I didn’t actually make a C equivalent of this. There was no particular reason for it to be in Rust, it’s just my preferred language. I definitely don’t mind using C instead, though.

Sure, that sounds reasonable! There’s no particular reason for putting the files in /usr/bin directly.

Agreed.

This could be a solid idea, actually. There are a surprisingly large amount of devices which support AVX, but not AVX2. (Therefore, they’re only x86_64-v2 instead of x86_64-v3.)

Oh yes, the argv[0] approach might be problematic if the target program is a symbolic link! hwcaps_loader would try to find optimized versions of programs that don’t actually exist, in this case. I’m not sure how to solve this issue besides adding matching links in /usr/libexec/hwcaps.


Maybe this is something which could be solved at the Kernel level? The current issue is how /proc/self/exe points to the real program instead of its symlink; maybe kernel devs could add a different interface which points to the symlink which was originally executed?

Yes, but I don’t think this an issue for the intended use case. Our programs reside in one directory (/usr/libexec/hwcaps or whatever we decide in the end), so we don’t actually care about the original call path. Only the filename matters, and we get that in all cases.

(The user can symlink the program under a different name or just specify a fake argv[0]. But that’s OK, if they want to, they can do that.)

When I build this rust program with --release, it’s 472kB. Not too much, but I expect that the C equivalent would be much much smaller. I like Rust, but I think it makes sense to write a C version too to compare.

[profile.release]
strip = true
opt-level = "s"
lto = true
codegen-units = 1
panic = "abort"

There might be a more up to date version of ths magic recipe, but it
should reduce the binary size quite a bit.

I get 328 kB with that.

If the following points are met, I think the symlink approach should be okay:

  • Symlinks in /usr/bin/ are not allowed for packages using this mechanism. The following topology should be used instead:
    • /usr/bin/alias (symlink) → /usr/bin/hwcaps_loader
    • /usr/libexec/hwcaps/alias.* (symlinks) → /usr/libexec/hwcaps/actual_binary.*
  • It’s acceptable for symlinks created by the user (or an unpackaged program/misbehaving package) to any binary using a hwcaps symlink in /usr/bin/ to always fail.
  • It’s acceptable for all binaries using a hwcaps symlink in /usr/bin/ to always fail when argv[0] is an unexpected value.

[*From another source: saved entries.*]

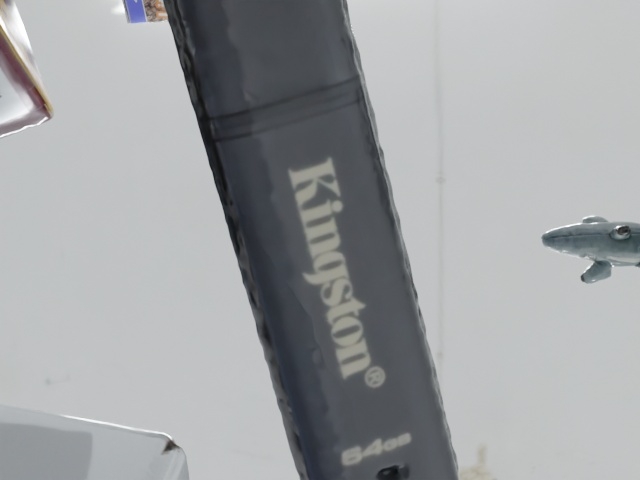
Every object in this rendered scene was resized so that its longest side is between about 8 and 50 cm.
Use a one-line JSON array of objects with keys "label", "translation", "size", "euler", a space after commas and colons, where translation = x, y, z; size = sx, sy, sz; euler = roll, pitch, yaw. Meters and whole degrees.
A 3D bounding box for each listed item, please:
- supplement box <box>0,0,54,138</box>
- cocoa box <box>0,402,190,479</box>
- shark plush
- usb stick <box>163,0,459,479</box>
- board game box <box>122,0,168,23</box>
[{"label": "supplement box", "translation": [-0.159, -0.124, 0.326], "size": [0.080, 0.104, 0.188], "euler": [-21, -104, -7]}, {"label": "cocoa box", "translation": [-0.231, 0.192, 0.360], "size": [0.347, 0.231, 0.228], "euler": [8, -49, 12]}, {"label": "shark plush", "translation": [0.305, 0.005, 1.040], "size": [0.161, 0.067, 0.073], "euler": [7, -105, 40]}, {"label": "usb stick", "translation": [0.000, 0.000, 0.446], "size": [0.045, 0.077, 0.278], "euler": [16, -57, 64]}, {"label": "board game box", "translation": [-0.116, -0.420, 1.421], "size": [0.290, 0.232, 0.141], "euler": [-3, -49, 5]}]
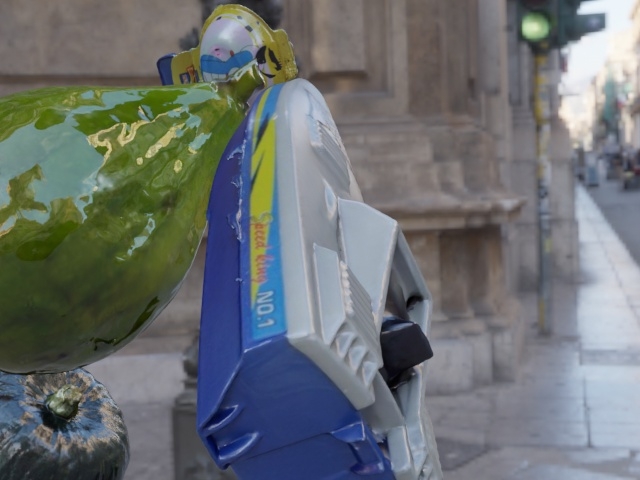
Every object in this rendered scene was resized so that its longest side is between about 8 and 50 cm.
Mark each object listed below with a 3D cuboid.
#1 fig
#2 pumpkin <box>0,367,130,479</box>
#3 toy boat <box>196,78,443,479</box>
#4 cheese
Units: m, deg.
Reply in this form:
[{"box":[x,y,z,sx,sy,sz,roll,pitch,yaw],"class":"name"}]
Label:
[{"box":[-0.183,-0.015,0.853,0.314,0.233,0.233,-12,3,0],"class":"fig"},{"box":[-0.313,0.218,1.198,0.211,0.152,0.211,38,9,-7],"class":"pumpkin"},{"box":[0.000,0.000,0.512,0.088,0.129,0.295,-21,33,11],"class":"toy boat"},{"box":[-0.120,-0.204,1.296,0.064,0.157,0.250,-25,14,-40],"class":"cheese"}]

After giving this some more thought…

All binary feature levels (including baseline, even for packages which provide no optimizations), are placed in separate directories under /usr/libexec/hwcaps/ (maybe put it in an entirely different path in /usr?):

/usr/libexec/hwcaps/x86_64-v1
/usr/libexec/hwcaps/x86_64-v2
/usr/libexec/hwcaps/x86_64-v2+AVX
/usr/libexec/hwcaps/x86_64-v3

Once we’re getting out of initrd (or another equivalent bootstrapping environment), systemd determines what’s the highest feature level supported by the machine.

It then mounts an OverlayFS to /usr/bin, with the lowest directory being the lowest feature level available and the highest one being the maximum level supported.

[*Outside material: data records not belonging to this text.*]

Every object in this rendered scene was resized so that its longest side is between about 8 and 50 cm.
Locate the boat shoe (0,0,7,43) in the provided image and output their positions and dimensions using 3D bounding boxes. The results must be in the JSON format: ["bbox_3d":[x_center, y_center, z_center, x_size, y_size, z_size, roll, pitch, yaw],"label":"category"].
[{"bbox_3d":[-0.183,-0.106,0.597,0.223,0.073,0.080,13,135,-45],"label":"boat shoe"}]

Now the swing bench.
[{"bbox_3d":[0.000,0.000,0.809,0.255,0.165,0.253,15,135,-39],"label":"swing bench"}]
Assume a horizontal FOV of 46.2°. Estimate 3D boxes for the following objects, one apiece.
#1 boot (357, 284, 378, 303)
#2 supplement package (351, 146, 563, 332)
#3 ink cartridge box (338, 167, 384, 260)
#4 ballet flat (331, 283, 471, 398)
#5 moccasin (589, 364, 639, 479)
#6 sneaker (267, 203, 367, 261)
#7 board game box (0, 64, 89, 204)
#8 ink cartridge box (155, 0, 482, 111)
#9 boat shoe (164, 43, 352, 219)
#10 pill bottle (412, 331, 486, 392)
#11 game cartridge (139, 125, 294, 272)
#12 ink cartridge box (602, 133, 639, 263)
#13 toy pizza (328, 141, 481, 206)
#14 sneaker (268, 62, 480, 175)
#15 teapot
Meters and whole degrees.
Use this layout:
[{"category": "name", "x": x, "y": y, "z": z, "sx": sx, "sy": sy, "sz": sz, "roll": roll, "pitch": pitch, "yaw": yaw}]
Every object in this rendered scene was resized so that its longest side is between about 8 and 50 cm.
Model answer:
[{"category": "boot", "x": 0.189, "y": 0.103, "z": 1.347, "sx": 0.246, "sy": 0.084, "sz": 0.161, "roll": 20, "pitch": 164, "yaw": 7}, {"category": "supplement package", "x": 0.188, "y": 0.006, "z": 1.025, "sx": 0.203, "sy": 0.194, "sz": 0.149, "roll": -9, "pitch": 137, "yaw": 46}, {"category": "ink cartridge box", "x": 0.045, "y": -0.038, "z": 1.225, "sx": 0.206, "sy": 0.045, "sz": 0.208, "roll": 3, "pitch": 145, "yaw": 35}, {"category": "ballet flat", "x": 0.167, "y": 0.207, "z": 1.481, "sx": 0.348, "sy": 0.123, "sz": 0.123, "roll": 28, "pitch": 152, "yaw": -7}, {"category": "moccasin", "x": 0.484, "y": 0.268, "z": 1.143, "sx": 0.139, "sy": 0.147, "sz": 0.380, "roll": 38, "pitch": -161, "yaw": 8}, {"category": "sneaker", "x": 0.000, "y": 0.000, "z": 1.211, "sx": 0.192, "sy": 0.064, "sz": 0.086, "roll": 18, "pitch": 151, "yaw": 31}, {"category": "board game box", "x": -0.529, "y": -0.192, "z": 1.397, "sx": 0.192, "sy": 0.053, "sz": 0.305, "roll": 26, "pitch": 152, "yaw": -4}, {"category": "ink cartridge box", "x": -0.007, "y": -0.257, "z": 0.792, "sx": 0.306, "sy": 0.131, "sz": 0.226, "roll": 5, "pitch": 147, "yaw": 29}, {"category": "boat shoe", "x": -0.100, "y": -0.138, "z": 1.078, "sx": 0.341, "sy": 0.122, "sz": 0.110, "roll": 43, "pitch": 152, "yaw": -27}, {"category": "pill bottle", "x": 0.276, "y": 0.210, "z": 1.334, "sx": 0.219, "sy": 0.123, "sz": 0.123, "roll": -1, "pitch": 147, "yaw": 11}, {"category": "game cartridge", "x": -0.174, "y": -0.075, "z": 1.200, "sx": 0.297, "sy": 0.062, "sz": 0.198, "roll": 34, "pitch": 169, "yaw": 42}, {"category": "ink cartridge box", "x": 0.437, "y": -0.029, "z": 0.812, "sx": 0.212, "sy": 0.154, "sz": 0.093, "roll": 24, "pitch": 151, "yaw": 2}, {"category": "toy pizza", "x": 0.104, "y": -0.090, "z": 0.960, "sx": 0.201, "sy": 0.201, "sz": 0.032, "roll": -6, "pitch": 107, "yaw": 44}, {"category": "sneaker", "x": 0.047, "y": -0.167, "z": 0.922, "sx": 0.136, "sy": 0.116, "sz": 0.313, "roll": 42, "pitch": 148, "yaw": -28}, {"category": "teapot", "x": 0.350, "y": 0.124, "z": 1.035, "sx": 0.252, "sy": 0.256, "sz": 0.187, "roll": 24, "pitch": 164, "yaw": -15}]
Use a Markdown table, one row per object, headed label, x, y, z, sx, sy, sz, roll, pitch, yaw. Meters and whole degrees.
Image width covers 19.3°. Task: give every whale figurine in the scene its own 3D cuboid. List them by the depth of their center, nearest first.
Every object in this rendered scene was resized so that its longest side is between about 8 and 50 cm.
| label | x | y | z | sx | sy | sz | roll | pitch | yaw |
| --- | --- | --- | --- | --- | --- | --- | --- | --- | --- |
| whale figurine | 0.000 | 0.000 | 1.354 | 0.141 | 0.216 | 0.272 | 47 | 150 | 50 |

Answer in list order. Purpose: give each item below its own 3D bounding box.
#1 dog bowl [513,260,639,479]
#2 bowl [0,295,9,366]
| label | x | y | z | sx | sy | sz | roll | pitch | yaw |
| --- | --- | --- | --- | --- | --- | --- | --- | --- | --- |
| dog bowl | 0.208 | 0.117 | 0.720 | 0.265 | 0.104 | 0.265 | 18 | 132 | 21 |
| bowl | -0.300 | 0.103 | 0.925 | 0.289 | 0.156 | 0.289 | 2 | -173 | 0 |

This should make all binaries accessible in /usr/bin! Higher feature levels are preferred, with a fallback for binaries with only lower levels!


This approach might be the best of both worlds:

  • Doesn’t have edge cases where the behavior changes, unlike the symlink approach.
  • Much easier to package properly, unlike the hardlink approach.
1 Like

This is certainly an interesting approach. The overlay could even use a few layers, combining a few different dirs.

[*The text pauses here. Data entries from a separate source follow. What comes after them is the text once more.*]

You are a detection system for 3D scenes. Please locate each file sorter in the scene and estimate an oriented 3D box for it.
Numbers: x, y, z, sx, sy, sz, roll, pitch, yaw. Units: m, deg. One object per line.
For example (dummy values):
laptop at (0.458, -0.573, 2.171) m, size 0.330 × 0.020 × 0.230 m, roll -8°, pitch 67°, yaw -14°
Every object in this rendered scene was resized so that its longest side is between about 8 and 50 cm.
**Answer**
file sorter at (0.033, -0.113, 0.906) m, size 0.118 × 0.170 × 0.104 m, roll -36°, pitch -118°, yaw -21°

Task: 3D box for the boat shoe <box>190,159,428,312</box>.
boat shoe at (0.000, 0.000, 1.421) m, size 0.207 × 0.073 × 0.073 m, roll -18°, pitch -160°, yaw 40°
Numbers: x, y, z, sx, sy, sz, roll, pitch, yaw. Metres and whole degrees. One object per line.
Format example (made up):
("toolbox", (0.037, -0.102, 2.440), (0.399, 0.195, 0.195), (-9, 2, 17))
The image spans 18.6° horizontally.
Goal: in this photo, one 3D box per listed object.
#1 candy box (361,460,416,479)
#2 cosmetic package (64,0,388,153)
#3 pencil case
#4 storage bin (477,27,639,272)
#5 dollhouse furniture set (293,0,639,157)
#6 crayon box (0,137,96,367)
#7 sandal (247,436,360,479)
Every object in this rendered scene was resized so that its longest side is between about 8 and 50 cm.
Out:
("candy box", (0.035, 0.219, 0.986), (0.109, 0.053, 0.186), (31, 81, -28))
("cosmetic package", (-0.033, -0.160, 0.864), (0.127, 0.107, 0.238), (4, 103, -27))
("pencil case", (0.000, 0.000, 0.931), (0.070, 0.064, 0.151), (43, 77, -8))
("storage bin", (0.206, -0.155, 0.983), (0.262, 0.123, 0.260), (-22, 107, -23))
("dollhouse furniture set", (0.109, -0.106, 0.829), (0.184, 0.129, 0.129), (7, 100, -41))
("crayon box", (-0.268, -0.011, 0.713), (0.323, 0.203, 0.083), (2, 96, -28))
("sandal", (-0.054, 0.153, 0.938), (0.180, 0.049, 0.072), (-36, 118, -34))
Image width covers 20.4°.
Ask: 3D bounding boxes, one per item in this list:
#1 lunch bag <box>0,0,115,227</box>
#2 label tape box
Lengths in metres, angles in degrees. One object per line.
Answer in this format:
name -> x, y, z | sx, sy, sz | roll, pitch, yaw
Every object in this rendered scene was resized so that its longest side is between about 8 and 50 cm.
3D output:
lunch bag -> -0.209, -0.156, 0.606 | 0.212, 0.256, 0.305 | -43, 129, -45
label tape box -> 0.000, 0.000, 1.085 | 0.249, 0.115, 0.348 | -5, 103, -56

The problem is how this would interact with rpm and updates. In particular, rpm -V would report errors, and if the upgrade tries to replace the file in /usr/bin, it’d get confused and probably try to do something to one of the files in the overlay.

But maybe this can be made to work.

Here’s an example showing how the topology could look like:

/usr:

OverlayFS:

I think this is plausible if RPM and DNF are updated to have a concept of feature levels. The feature level of the package determines which directory in /usr/hwcaps rpm/dnf would install the files in.

foo.x86_64 → /usr/hwcaps/x86_64-v1 + /usr/lib64
foo.x86_64.v2 → /usr/hwcaps/x86_64-v2 + /usr/lib64/glibc-hwcaps
foo.x86_64.v3 → /usr/hwcaps/x86_64-v3 +/usr/lib64/glibc-hwcaps
etc.

We could probably handle all of the noarch packages which want to place files in /usr/bin or /usr/libexec by directing them to /usr/hwcaps/noarch.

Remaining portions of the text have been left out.